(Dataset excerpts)
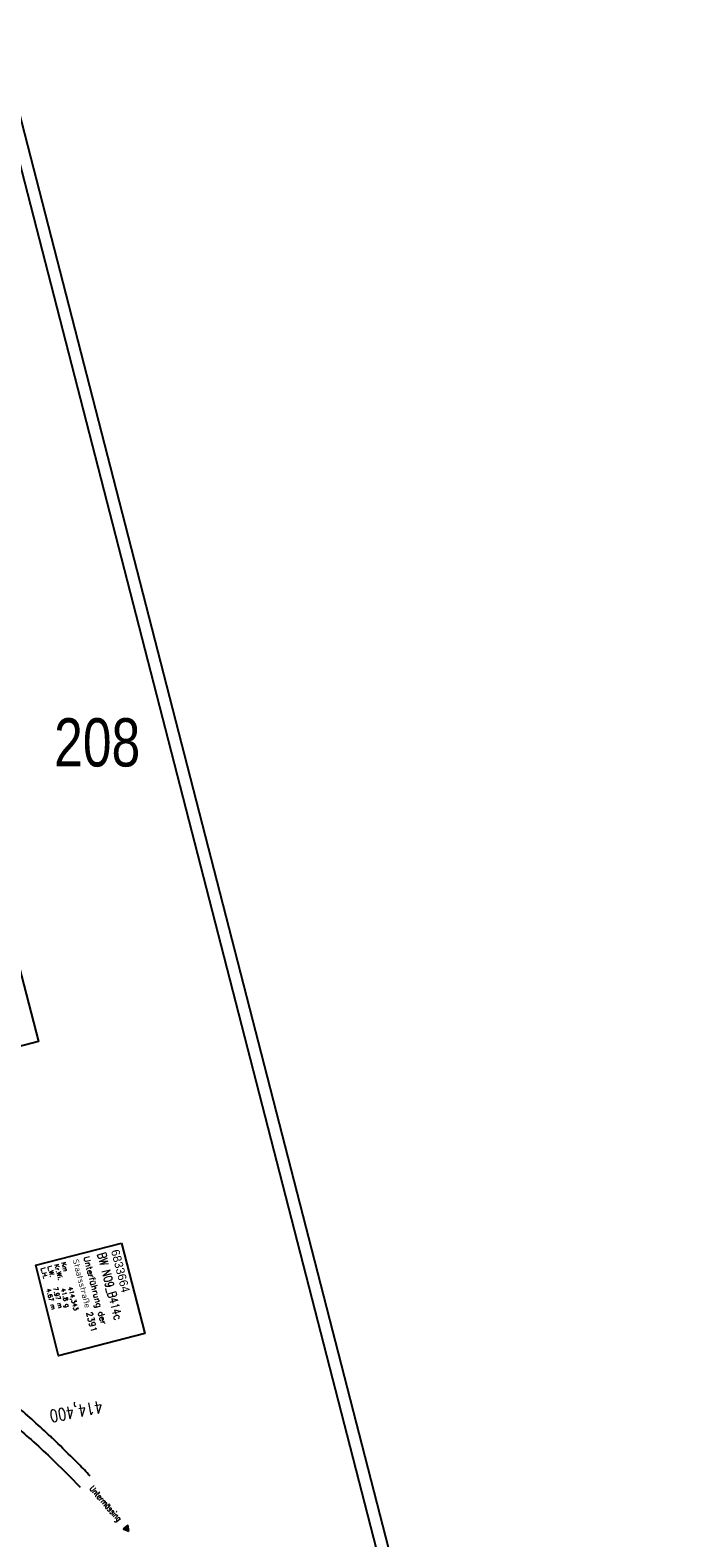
# Model space of a CAD drawing. Extents: x 447426 to 448116, y 440349 to 441552.
# Tile 21 of 21: x 447847 to 448116, y 440928 to 441552. Entities that reach past the tile are written whole.
import ezdxf

# ---------------------------------------------------------------- set-up
doc = ezdxf.new("R2010")
doc.units = 0
doc.header["$LTSCALE"] = 2
doc.header["$MEASUREMENT"] = 0
doc.linetypes.add('AUSGEZOGEN', pattern=[0])
doc.linetypes.add('GESTRICHELT', pattern=[0.75, 0.5, -0.25])
doc.layers.get('0').update_dxf_attribs({"linetype": 'AUSGEZOGEN'})
for name, color, linetype in [('BW-SCHRIFT', 1, 'AUSGEZOGEN'), ('FBR', 8, 'CONTINUOUS'), ('HEKTOM', 250, 'GESTRICHELT'), ('Planeinteilung', 6, 'CONTINUOUS'), ('RAHMEN', 250, 'AUSGEZOGEN'), ('SCHRIFT', 7, 'AUSGEZOGEN'), ('STRASSE', 8, 'CONTINUOUS')]:
    doc.layers.add(name, color=color, linetype=linetype)
doc.styles.add('ROMANS', font='romans.shx', dxfattribs={"width": 0.8})
doc.styles.add('UNIR-H', font='unir_h.shx', dxfattribs={"width": 0.8})
doc.styles.add('UNIR-O', font='unir_o.shx', dxfattribs={"height": 2.5})

# ---------------------------------------------------------------- blocks, each defined once
blk = doc.blocks.new('1135420')
blk.add_line((1135, 420), (0, 420))
at = {"layer": 'RAHMEN'}
blk.add_line((950, 415), (25, 415), dxfattribs=at)
blk = doc.blocks.new('RPFEIL')
at = {"color": 0}
for p, q in [((0, 0), (-1.25, -2.17)), ((-1.25, -2.17), (1.25, -2.17)), ((-1.15, -2.17), (-1.15, -1.99)), ((-1.05, -2.17), (-1.05, -1.82)), ((-0.95, -2.17), (-0.95, -1.65)), ((-0.85, -2.17), (-0.85, -1.47)), ((-0.75, -2.17), (-0.75, -1.3)), ((-0.65, -2.17), (-0.65, -1.13)), ((-0.55, -2.17), (-0.55, -0.95)), ((-0.45, -2.17), (-0.45, -0.78)), ((-0.35, -2.17), (-0.35, -0.61)), ((-0.25, -2.17), (-0.25, -0.43)), ((-0.15, -2.17), (-0.15, -0.26)), ((-0.05, -2.17), (-0.05, -0.09)), ((1.25, -2.17), (0, 0)), ((0.05, -2.17), (0.05, -0.09)), ((0.15, -2.17), (0.15, -0.26)), ((0.25, -2.17), (0.25, -0.43)), ((0.35, -2.17), (0.35, -0.61)), ((0.45, -2.17), (0.45, -0.78)), ((0.55, -2.17), (0.55, -0.95)), ((0.65, -2.17), (0.65, -1.13)), ((0.75, -2.17), (0.75, -1.3)), ((0.85, -2.17), (0.85, -1.47)), ((0.95, -2.17), (0.95, -1.65)), ((1.05, -2.17), (1.05, -1.82)), ((1.15, -2.17), (1.15, -1.99))]:
    blk.add_line(p, q, dxfattribs=at)

msp = doc.modelspace()

# ---------------------------------------------------------------- linework, layer by layer
at = {"layer": 'BW-SCHRIFT'}
for points in [[(447840.9, 441168.62), (447850, 441133.3), (447815.03, 441124.3), (447805.93, 441159.61)], [(447884.34, 441049.73), (447894.01, 441012.36), (447858.23, 441003.08), (447848.83, 441040.59)]]:
    msp.add_lwpolyline(points, close=True, dxfattribs=at)
at = {"layer": 'FBR'}
msp.add_lwpolyline([(447814.85, 440976.11, 0.022266), (447815.68, 440970.79, -0.001548), (447818.16, 440957.63, -0.001755), (447820.27, 440946, -0.001362), (447822.9, 440931, -0.002085), (447824.56, 440921.18, -0.000319), (447826.19, 440911.18, -0.000861), (447826.79, 440907.47, -0.000007), (447827.67, 440901.92, 0.000025), (447828.55, 440896.36), (447830.52, 440884.02, -0.000012), (447832.48, 440871.67, -0.000008), (447834.45, 440859.33, 0.000008), (447836.41, 440846.98, 0.00001), (447840.34, 440822.29, -0.000008), (447844.27, 440797.6, -0.000005), (447850.16, 440760.57, 0.000007), (447856.05, 440723.54), (447863.91, 440674.16), (447871.77, 440624.78), (447878.39, 440583.14), (447883.55, 440550.71, -0.000005), (447893.37, 440488.99, 0.000002), (447896.3, 440470.63, 0.000002)], format="xyb", dxfattribs=at)
at = {"layer": 'STRASSE'}
for points in [[(447815.59, 440995.29, -0.002564), (447828.85, 440984.09, -0.003319), (447834.28, 440979.4, -0.000139), (447839.59, 440974.75, -0.000101), (447846.89, 440968.34, -0.012335), (447854.94, 440960.92, -0.007803), (447867.18, 440948.68)], [(447871.33, 440953.31, 0.003438), (447866.65, 440958.22, 0.007659), (447864.51, 440960.38, 0.000404), (447855.73, 440968.93, 0.005076), (447855.03, 440969.6, 0.004728), (447848.05, 440975.99, 0.004813), (447841.09, 440982.14, 0.000481), (447840.94, 440982.26, 0.000012), (447835.1, 440987.29, 0.002315), (447823.96, 440996.8, 0.000061), (447823.51, 440997.18)]]:
    msp.add_lwpolyline(points, format="xyb", dxfattribs=at)

# ---------------------------------------------------------------- block references
at = {"layer": 'Planeinteilung', "linetype": 'Continuous', "rotation": 284.4375024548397}
msp.add_blockref('1135420', (447426.45, 441447.77), dxfattribs=at)
at = {"layer": 'SCHRIFT', "rotation": 219.8687933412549}
msp.add_blockref('RPFEIL', (447887.4, 440930.48), dxfattribs=at)

# ---------------------------------------------------------------- texts
at = {"layer": 'BW-SCHRIFT'}
for s, height, style, p in [('Unterführung der', 2.5, 'ROMANS', (447868.61, 441043.95)), ('6833664', 3.5, 'UNIR-O', (447879.98, 441046.63)), ('L.H.   4.67 m', 1.8, 'ROMANS', (447850.92, 441039.35)), ('L.W.   7.97 m', 1.8, 'ROMANS', (447853.71, 441040.1)), ('Kr.Wi.', 1.8, 'ROMANS', (447856.55, 441040.83)), ('Km', 1.8, 'ROMANS', (447859.42, 441041.63)), ('Staatsstraße 2391', 2.5, 'ROMANS', (447864.12, 441042.78)), ('41.8 g', 1.8, 'ROMANS', (447859.23, 441030.83)), ('414,343', 1.8, 'ROMANS', (447862.22, 441031.38))]:
    msp.add_text(s, height=height, rotation=284.47751, dxfattribs=dict(at, style=style)).set_placement(p)
at = {"layer": 'BW-SCHRIFT', "style": 'ROMANS', "width": 0.8}
msp.add_text('BW N09_B414c', height=3.5, rotation=284.47751, dxfattribs=at).set_placement((447874.31, 441045.32))
at = {"layer": 'HEKTOM', "style": 'ROMANS', "width": 0.8}
msp.add_text('414,400', height=5, rotation=190.8573, dxfattribs=at).set_placement((447876.1, 440984.57))
at = {"layer": 'Planeinteilung', "linetype": 'Continuous', "style": 'UNIR-H', "width": 0.8}
msp.add_text('208', height=20, dxfattribs=at).set_placement((447856.44, 441247.32))
at = {"layer": 'SCHRIFT', "style": 'ROMANS', "width": 0.8}
msp.add_text('Untermässing', height=2.5, rotation=311.00823, dxfattribs=at).set_placement((447870.89, 440947.95))

doc.saveas('drawing.dxf')

> _Task requirements_
Each line above should be written out again unchanged; no images are to be carried over.

> _Solved exercise_
# Model space of a CAD drawing. Extents: x 447426 to 448116, y 440349 to 441552.
# Tile 21 of 21: x 447847 to 448116, y 440928 to 441552. Entities that reach past the tile are written whole.
import ezdxf

# ---------------------------------------------------------------- set-up
doc = ezdxf.new("R2010")
doc.units = 0
doc.header["$LTSCALE"] = 2
doc.header["$MEASUREMENT"] = 0
doc.linetypes.add('AUSGEZOGEN', pattern=[0])
doc.linetypes.add('GESTRICHELT', pattern=[0.75, 0.5, -0.25])
doc.layers.get('0').update_dxf_attribs({"linetype": 'AUSGEZOGEN'})
for name, color, linetype in [('BW-SCHRIFT', 1, 'AUSGEZOGEN'), ('FBR', 8, 'CONTINUOUS'), ('HEKTOM', 250, 'GESTRICHELT'), ('Planeinteilung', 6, 'CONTINUOUS'), ('RAHMEN', 250, 'AUSGEZOGEN'), ('SCHRIFT', 7, 'AUSGEZOGEN'), ('STRASSE', 8, 'CONTINUOUS')]:
    doc.layers.add(name, color=color, linetype=linetype)
doc.styles.add('ROMANS', font='romans.shx', dxfattribs={"width": 0.8})
doc.styles.add('UNIR-H', font='unir_h.shx', dxfattribs={"width": 0.8})
doc.styles.add('UNIR-O', font='unir_o.shx', dxfattribs={"height": 2.5})

# ---------------------------------------------------------------- blocks, each defined once
blk = doc.blocks.new('1135420')
blk.add_line((1135, 420), (0, 420))
at = {"layer": 'RAHMEN'}
blk.add_line((950, 415), (25, 415), dxfattribs=at)
blk = doc.blocks.new('RPFEIL')
at = {"color": 0}
for p, q in [((0, 0), (-1.25, -2.17)), ((-1.25, -2.17), (1.25, -2.17)), ((-1.15, -2.17), (-1.15, -1.99)), ((-1.05, -2.17), (-1.05, -1.82)), ((-0.95, -2.17), (-0.95, -1.65)), ((-0.85, -2.17), (-0.85, -1.47)), ((-0.75, -2.17), (-0.75, -1.3)), ((-0.65, -2.17), (-0.65, -1.13)), ((-0.55, -2.17), (-0.55, -0.95)), ((-0.45, -2.17), (-0.45, -0.78)), ((-0.35, -2.17), (-0.35, -0.61)), ((-0.25, -2.17), (-0.25, -0.43)), ((-0.15, -2.17), (-0.15, -0.26)), ((-0.05, -2.17), (-0.05, -0.09)), ((1.25, -2.17), (0, 0)), ((0.05, -2.17), (0.05, -0.09)), ((0.15, -2.17), (0.15, -0.26)), ((0.25, -2.17), (0.25, -0.43)), ((0.35, -2.17), (0.35, -0.61)), ((0.45, -2.17), (0.45, -0.78)), ((0.55, -2.17), (0.55, -0.95)), ((0.65, -2.17), (0.65, -1.13)), ((0.75, -2.17), (0.75, -1.3)), ((0.85, -2.17), (0.85, -1.47)), ((0.95, -2.17), (0.95, -1.65)), ((1.05, -2.17), (1.05, -1.82)), ((1.15, -2.17), (1.15, -1.99))]:
    blk.add_line(p, q, dxfattribs=at)

msp = doc.modelspace()

# ---------------------------------------------------------------- linework, layer by layer
at = {"layer": 'BW-SCHRIFT'}
for points in [[(447840.9, 441168.62), (447850, 441133.3), (447815.03, 441124.3), (447805.93, 441159.61)], [(447884.34, 441049.73), (447894.01, 441012.36), (447858.23, 441003.08), (447848.83, 441040.59)]]:
    msp.add_lwpolyline(points, close=True, dxfattribs=at)
at = {"layer": 'FBR'}
msp.add_lwpolyline([(447814.85, 440976.11, 0.022266), (447815.68, 440970.79, -0.001548), (447818.16, 440957.63, -0.001755), (447820.27, 440946, -0.001362), (447822.9, 440931, -0.002085), (447824.56, 440921.18, -0.000319), (447826.19, 440911.18, -0.000861), (447826.79, 440907.47, -0.000007), (447827.67, 440901.92, 0.000025), (447828.55, 440896.36), (447830.52, 440884.02, -0.000012), (447832.48, 440871.67, -0.000008), (447834.45, 440859.33, 0.000008), (447836.41, 440846.98, 0.00001), (447840.34, 440822.29, -0.000008), (447844.27, 440797.6, -0.000005), (447850.16, 440760.57, 0.000007), (447856.05, 440723.54), (447863.91, 440674.16), (447871.77, 440624.78), (447878.39, 440583.14), (447883.55, 440550.71, -0.000005), (447893.37, 440488.99, 0.000002), (447896.3, 440470.63, 0.000002)], format="xyb", dxfattribs=at)
at = {"layer": 'STRASSE'}
for points in [[(447815.59, 440995.29, -0.002564), (447828.85, 440984.09, -0.003319), (447834.28, 440979.4, -0.000139), (447839.59, 440974.75, -0.000101), (447846.89, 440968.34, -0.012335), (447854.94, 440960.92, -0.007803), (447867.18, 440948.68)], [(447871.33, 440953.31, 0.003438), (447866.65, 440958.22, 0.007659), (447864.51, 440960.38, 0.000404), (447855.73, 440968.93, 0.005076), (447855.03, 440969.6, 0.004728), (447848.05, 440975.99, 0.004813), (447841.09, 440982.14, 0.000481), (447840.94, 440982.26, 0.000012), (447835.1, 440987.29, 0.002315), (447823.96, 440996.8, 0.000061), (447823.51, 440997.18)]]:
    msp.add_lwpolyline(points, format="xyb", dxfattribs=at)

# ---------------------------------------------------------------- block references
at = {"layer": 'Planeinteilung', "linetype": 'Continuous', "rotation": 284.4375024548397}
msp.add_blockref('1135420', (447426.45, 441447.77), dxfattribs=at)
at = {"layer": 'SCHRIFT', "rotation": 219.8687933412549}
msp.add_blockref('RPFEIL', (447887.4, 440930.48), dxfattribs=at)

# ---------------------------------------------------------------- texts
at = {"layer": 'BW-SCHRIFT'}
for s, height, style, p in [('Unterführung der', 2.5, 'ROMANS', (447868.61, 441043.95)), ('6833664', 3.5, 'UNIR-O', (447879.98, 441046.63)), ('L.H.   4.67 m', 1.8, 'ROMANS', (447850.92, 441039.35)), ('L.W.   7.97 m', 1.8, 'ROMANS', (447853.71, 441040.1)), ('Kr.Wi.', 1.8, 'ROMANS', (447856.55, 441040.83)), ('Km', 1.8, 'ROMANS', (447859.42, 441041.63)), ('Staatsstraße 2391', 2.5, 'ROMANS', (447864.12, 441042.78)), ('41.8 g', 1.8, 'ROMANS', (447859.23, 441030.83)), ('414,343', 1.8, 'ROMANS', (447862.22, 441031.38))]:
    msp.add_text(s, height=height, rotation=284.47751, dxfattribs=dict(at, style=style)).set_placement(p)
at = {"layer": 'BW-SCHRIFT', "style": 'ROMANS', "width": 0.8}
msp.add_text('BW N09_B414c', height=3.5, rotation=284.47751, dxfattribs=at).set_placement((447874.31, 441045.32))
at = {"layer": 'HEKTOM', "style": 'ROMANS', "width": 0.8}
msp.add_text('414,400', height=5, rotation=190.8573, dxfattribs=at).set_placement((447876.1, 440984.57))
at = {"layer": 'Planeinteilung', "linetype": 'Continuous', "style": 'UNIR-H', "width": 0.8}
msp.add_text('208', height=20, dxfattribs=at).set_placement((447856.44, 441247.32))
at = {"layer": 'SCHRIFT', "style": 'ROMANS', "width": 0.8}
msp.add_text('Untermässing', height=2.5, rotation=311.00823, dxfattribs=at).set_placement((447870.89, 440947.95))

doc.saveas('drawing.dxf')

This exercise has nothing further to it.